Using the for loop,we iterate through each patent and use the regex below to extract the claims_text. The regex is "(?s)<claim (.*?)</claim>" which looks for the data about the claim. If-else is used to verify if there are any claims for each patent in the data file. If a patent does not have any claim then 'NA' is stored in the claims_text list. If claim is present for the patent, then a for loop is used to combine the data on different lines into one string by using the re.sub commmand to remove the newline characters and hence merge the text from different lines into one paragraph.

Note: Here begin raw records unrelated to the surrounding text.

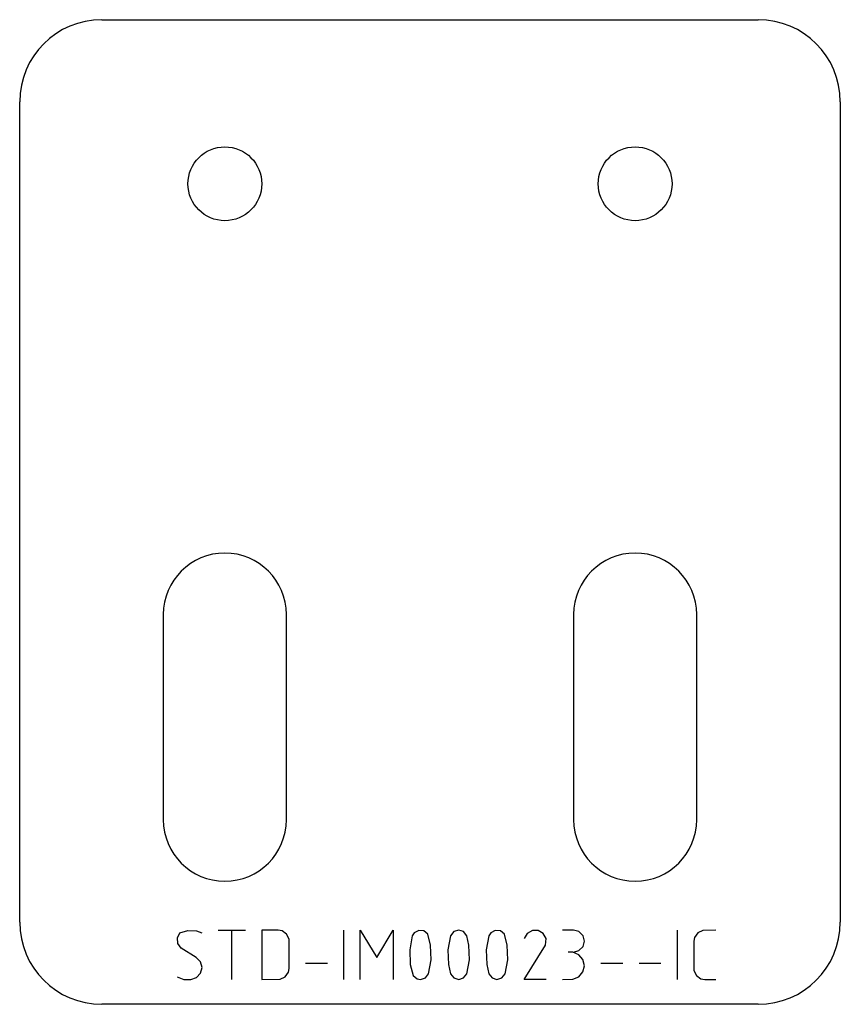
# Model space of a CAD drawing. Extents: x -52 to 48, y -60 to 60.
import ezdxf

# ---------------------------------------------------------------- set-up
doc = ezdxf.new("R2010")
doc.units = 0
doc.layers.get('0').update_dxf_attribs({"linetype": 'CONTINUOUS'})

msp = doc.modelspace()

# ---------------------------------------------------------------- linework, layer by layer
at = {"color": 0}
for p, q in [((-32.544232, -51.918611), (-32.250176, -51.300593)), ((-32.250176, -51.300593), (-31.263342, -50.986601)), ((-31.263342, -50.986601), (-30.231652, -51.051393)), ((-30.231652, -51.051393), (-29.58373, -51.300593)), ((-27.585142, -50.966665), (-24.255823, -50.966665)), ((-25.920482, -56.967413), (-25.920482, -50.966665)), ((-20.253662, -50.966665), (-22.257235, -50.966665)), ((-22.257235, -50.966665), (-22.257235, -53.967039)), ((-19.800117, -51.046409), (-20.253662, -50.966665)), ((-19.236924, -51.44513), (-19.800117, -51.046409)), ((-18.942868, -52.068131), (-19.236924, -51.44513)), ((-12.259309, -56.967413), (-12.259309, -50.966665)), ((-10.260721, -56.967413), (-10.260721, -50.966665)), ((-10.260721, -50.966665), (-8.262133, -54.300968)), ((-8.262133, -54.300968), (-6.263545, -50.966665)), ((-6.263545, -50.966665), (-6.263545, -56.967413)), ((-3.696779, -51.280657), (-3.931028, -51.634522)), ((-3.143554, -50.986601), (-3.696779, -51.280657)), ((-2.520553, -51.046409), (-3.143554, -50.986601)), ((-2.03212, -51.44513), (-2.520553, -51.046409)), ((-1.688223, -52.790813), (-2.03212, -51.44513)), ((1.127743, -51.146089), (0.729022, -51.634522)), ((1.730808, -50.966665), (1.127743, -51.146089)), ((2.333874, -51.146089), (1.730808, -50.966665)), ((2.732594, -51.634522), (2.333874, -51.146089)), ((5.628305, -51.280657), (5.394056, -51.634522)), ((6.18153, -50.986601), (5.628305, -51.280657)), ((6.809515, -51.046409), (6.18153, -50.986601)), ((7.292964, -51.44513), (6.809515, -51.046409)), ((7.641845, -52.790813), (7.292964, -51.44513)), ((10.088994, -51.365386), (9.725161, -51.968451)), ((10.707011, -51.016505), (10.088994, -51.365386)), ((11.409757, -51.016505), (10.707011, -51.016505)), ((12.027774, -51.365386), (11.409757, -51.016505)), ((12.391607, -51.968451), (12.027774, -51.365386)), ((15.720926, -50.966665), (14.390195, -50.966665)), ((16.388783, -51.146089), (15.720926, -50.966665)), ((16.877216, -51.634522), (16.388783, -51.146089)), ((28.380313, -56.967413), (28.380313, -50.966665)), ((30.857366, -51.280657), (30.458645, -51.843851)), ((31.480367, -50.986601), (30.857366, -51.280657)), ((33.045347, -50.966665), (31.480367, -50.986601)), ((-32.489408, -52.60142), (-32.544232, -51.918611)), ((-32.100655, -53.164613), (-32.489408, -52.60142)), ((-18.922932, -55.636683), (-18.942868, -52.068131)), ((-3.931028, -51.634522), (-4.240036, -53.378926)), ((-1.655827, -53.675474), (-1.688223, -52.790813)), ((0.729022, -51.634522), (0.420014, -53.378926)), ((2.976811, -52.790813), (2.732594, -51.634522)), ((3.009207, -53.675474), (2.976811, -52.790813)), ((5.394056, -51.634522), (5.085047, -53.378926)), ((7.671749, -53.675474), (7.641845, -52.790813)), ((12.316847, -52.800781), (12.391607, -51.968451)), ((17.056641, -52.302379), (16.877216, -51.634522)), ((16.877216, -52.970237), (17.056641, -52.302379)), ((30.458645, -51.843851), (30.378901, -52.302379)), ((30.378901, -52.302379), (30.398837, -55.865947)), ((-30.251588, -54.300968), (-32.100655, -53.164613)), ((-22.257235, -53.967039), (-22.257235, -56.967413)), ((-4.240036, -53.378926), (-4.180228, -55.14825)), ((-1.623431, -54.560136), (-1.655827, -53.675474)), ((0.420014, -53.378926), (0.484806, -55.14825)), ((3.041603, -54.560136), (3.009207, -53.675474)), ((5.085047, -53.378926), (5.14984, -55.14825)), ((7.701653, -54.560136), (7.671749, -53.675474)), ((9.725161, -56.967413), (12.316847, -52.800781)), ((15.65115, -53.653046), (15.058053, -53.63311)), ((16.368847, -53.952087), (15.65115, -53.653046)), ((15.720926, -53.63311), (16.388783, -53.453686)), ((16.872232, -54.545184), (16.368847, -53.952087)), ((16.388783, -53.453686), (16.877216, -52.970237)), ((-29.738234, -54.819305), (-30.251588, -54.300968)), ((-29.543858, -55.517066), (-29.738234, -54.819305)), ((-16.924343, -54.968825), (-14.257898, -54.968825)), ((-4.180228, -55.14825), (-3.831347, -56.483964)), ((-1.932439, -56.299556), (-1.623431, -54.560136)), ((0.484806, -55.14825), (0.729022, -56.299556)), ((2.732594, -56.299556), (3.041603, -54.560136)), ((5.14984, -55.14825), (5.394056, -56.299556)), ((7.392644, -56.299556), (7.701653, -54.560136)), ((17.056641, -55.302754), (16.872232, -54.545184)), ((19.055229, -54.968825), (21.716691, -54.968825)), ((23.715279, -54.968825), (26.381725, -54.968825)), ((-30.221684, -56.753101), (-29.718298, -56.224796)), ((-29.718298, -56.224796), (-29.543858, -55.517066)), ((-19.401397, -56.653421), (-19.002676, -56.090228)), ((-19.002676, -56.090228), (-18.922932, -55.636683)), ((-2.336144, -56.783005), (-1.932439, -56.299556)), ((0.729022, -56.299556), (1.132727, -56.783005)), ((2.32889, -56.783005), (2.732594, -56.299556)), ((5.394056, -56.299556), (5.797761, -56.783005)), ((6.993923, -56.783005), (7.392644, -56.299556)), ((16.368847, -56.648437), (16.872232, -56.055339)), ((16.872232, -56.055339), (17.056641, -55.302754)), ((30.398837, -55.865947), (30.692894, -56.488948)), ((-32.584105, -56.633485), (-31.781679, -56.962429)), ((-31.781679, -56.962429), (-30.914461, -56.967413)), ((-30.914461, -56.967413), (-30.221684, -56.753101)), ((-22.257235, -56.967413), (-20.024398, -56.947477)), ((-20.024398, -56.947477), (-19.401397, -56.653421)), ((-3.831347, -56.483964), (-3.347898, -56.882685)), ((-3.347898, -56.882685), (-2.934226, -56.962429)), ((-2.934226, -56.962429), (-2.336144, -56.783005)), ((1.132727, -56.783005), (1.730808, -56.962429)), ((1.730808, -56.962429), (2.32889, -56.783005)), ((5.797761, -56.783005), (6.395842, -56.962429)), ((6.395842, -56.962429), (6.993923, -56.783005)), ((12.391607, -56.967413), (9.725161, -56.967413)), ((14.390195, -56.967413), (15.65115, -56.947477)), ((15.65115, -56.947477), (16.368847, -56.648437)), ((30.692894, -56.488948), (31.256087, -56.887669)), ((31.256087, -56.887669), (31.714616, -56.967413)), ((31.714616, -56.967413), (33.045347, -56.967413))]:
    msp.add_line(p, q, dxfattribs=at)
at = {"layer": 'TAGLIO', "color": 0}
for p, q in [((-41.767767, 60), (38.232233, 60)), ((-51.767767, -50), (-51.767767, 50)), ((48.232233, 50), (48.232233, 0)), ((48.232233, 0), (48.232233, -50)), ((-34.267767, -12.5), (-34.267767, -25)), ((-19.267767, -37.5), (-19.267767, -12.5)), ((15.732233, -12.5), (15.732233, -25)), ((30.732233, -37.5), (30.732233, -12.5)), ((-34.267767, -25), (-34.267767, -37.5)), ((15.732233, -25), (15.732233, -37.5)), ((38.232233, -60), (-41.767767, -60))]:
    msp.add_line(p, q, dxfattribs=at)
for centre in [(-26.767767, 40), (23.232233, 40)]:
    msp.add_circle(centre, 4.5, dxfattribs=at)
for centre, radius, start, end in [((-41.767767, 50), 10, 90, 180), ((38.232233, 50), 10, 0, 90), ((-26.767767, -12.5), 7.5, 0, 180), ((23.232233, -12.5), 7.5, 0, 180), ((-26.767767, -37.5), 7.5, 180, 360), ((23.232233, -37.5), 7.5, 180, 360), ((-41.767767, -50), 10, 180, 270), ((38.232233, -50), 10, 270, 360)]:
    msp.add_arc(centre, radius, start, end, dxfattribs=at)

doc.saveas('drawing.dxf')

It is then stored in the claims_text list.

In [11]:
#Iterate through patents
for patent in patents:
    #capture all the text in the claim section
    claim_list = []
    claims = re.findall('(?s)<claim (.*?)</claim>', patent)
    if claims == None :
        #print 'NA' if no claims
        claims_string = 'NA'
    else:
        #Iterate thourgh each claim
        for claim in claims:
            #Remove xml tags and line breaks
            claim = re.sub('<.*?>', '', claim)
            claim = re.sub('.*>', '', claim)
            claim = re.sub('\n', '', claim)
            #remove all unwanted spaces
            claim = " ".join(claim.split())
            #Append clean claim to list
            claim_list.append(claim)
        #Convert all the claims to a single string format within []
        claim_string = '['
        for claim in claim_list:
            claim_string += claim + ','
        claim_string = claim_string[:-1]
        claim_string += ']'
    #append result to final list
    claims_text.append(claim_string)

### Extracting abstact

Using the for loop,we iterate through each patent and use the regex below to extract the names of the inventors. The regex is "(?s)<abstract(.*?)</abstract>" which looks for the data regarding abstacts. If- else is used to check if each patent has an abstract or no. If there is no abstract, 'NA' is stored in the abstract list for that patent. If there is abstract, then the re.sub command is used to combine the text from different lines into one string by replacing the newline character by a space. It is then stored in the list 'abstract'.

In [12]:
#Iterate through patents
for patent in patents:
    #Caoture all text in the abstract section
    abstracts = re.search('(?s)<abstract(.*?)</abstract>', patent)
    if abstracts == None:
        #Return 'NA' if no abstract
        abstracts = 'NA'
    else :
        abstracts = abstracts.group(1)
        #Remove xml tags and linebreaks
        abstracts = re.sub('<.*?>', '', abstracts)
        abstracts = re.sub('.*>', '', abstracts)
        abstracts = re.sub('\n', '', abstracts)
        #Remove unecessary spaces
        abstracts = " ".join(abstracts.split())
    #Append to list
    abstract.append(abstracts)

### Creating a dataframe

The lists are zipped and then a list is created which is passed onto the pd.dataframe function to create a new dataframe. The column names are specified as per the column names mentioned in the question.

In [13]:
#zip everything together so that we can conver the data into a single dataframe
zippedList =  list(zip(grant_id, patent_title, kind, number_of_claims, inventors, citations_applicant_count, citatons_examiner_count, claims_text, abstract))
#Convert the zipped data into a Dataframe with appropriate column headers
csv_df = pd.DataFrame(zippedList, columns = ['grant_id' , 'patent_title', 'kind', 'number_of_claims', 'inventors', 'citations_applicant_count', 'citations_examiner_count', 'claims_text', 'abstract'])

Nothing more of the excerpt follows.